If we don't have enough energy to kill the insulator what will happen? The resistor limits the maximum current, so high power and temperature won't occur.
The constant and increased DC leakage can cause permanent damage? I especially interested about gate-oxide capacitors, where the insulator is SiO2, the plates are polySi and doped Si, the overvoltage is not transient peak, so about DC condition.
I assume this will result in problems.
You don´t need much energy to destroy insulation. The stored energy in the capacitor is sufficient, especially when there is a high voltage source charging the capacitor. It may be a long time process.

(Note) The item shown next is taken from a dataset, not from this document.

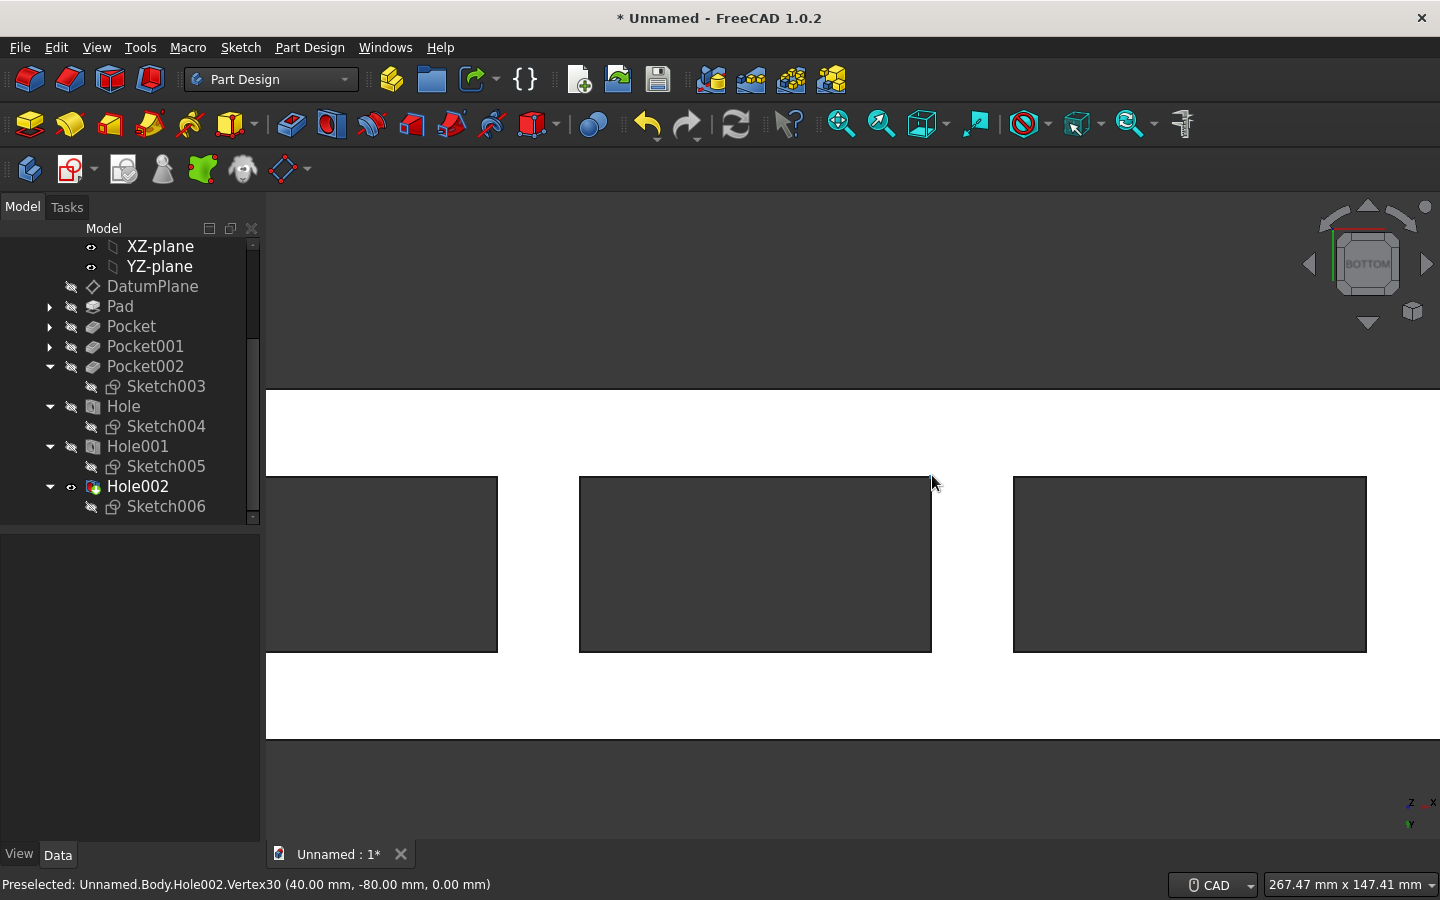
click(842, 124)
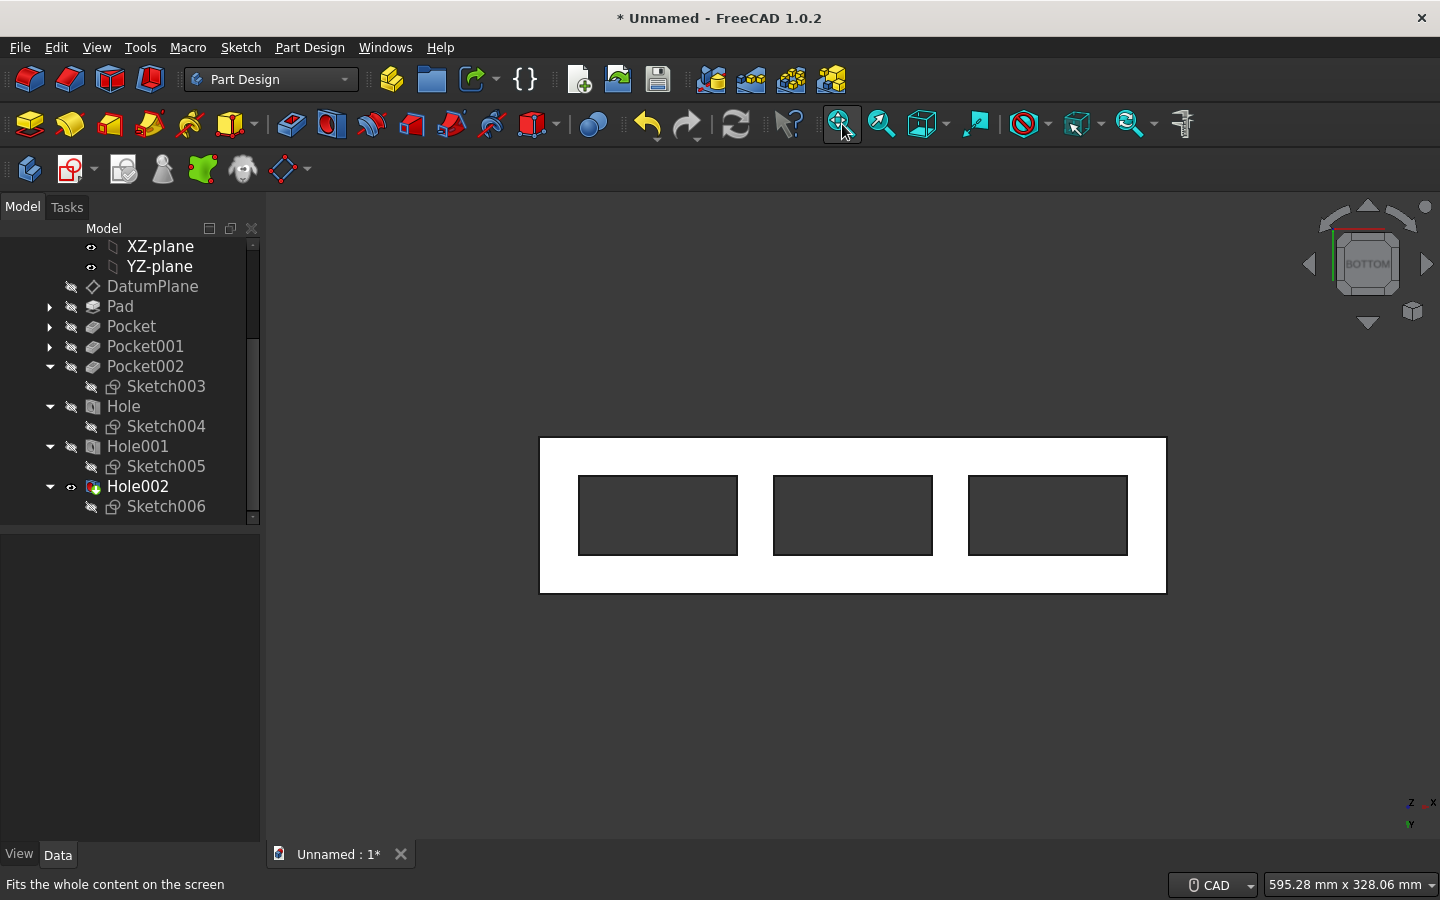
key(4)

Yes, the capacitor charged in slower rate then when resistor is not connected but the maximum charge that will store in the capacitor will be same.
Because of above mentioned reason the capacitor will not work properly.
Why will be the same? The insulator has a breakdown voltage, which can't allow higher voltage than it. So charge and energy is limited.
I think if the generator's voltage is over the breakdown voltage the conduction of the capacitor will increase only. Charge and so energy in the capacitor won't.
The power is limited by the resistance of the voltage source so high current and high temperature can't appear. If we choose the series resistance correctly I think we can protect the device. https://www.allaboutcircuits.com/textbook/direct-current/chpt-12/insulator-breakdown-voltage/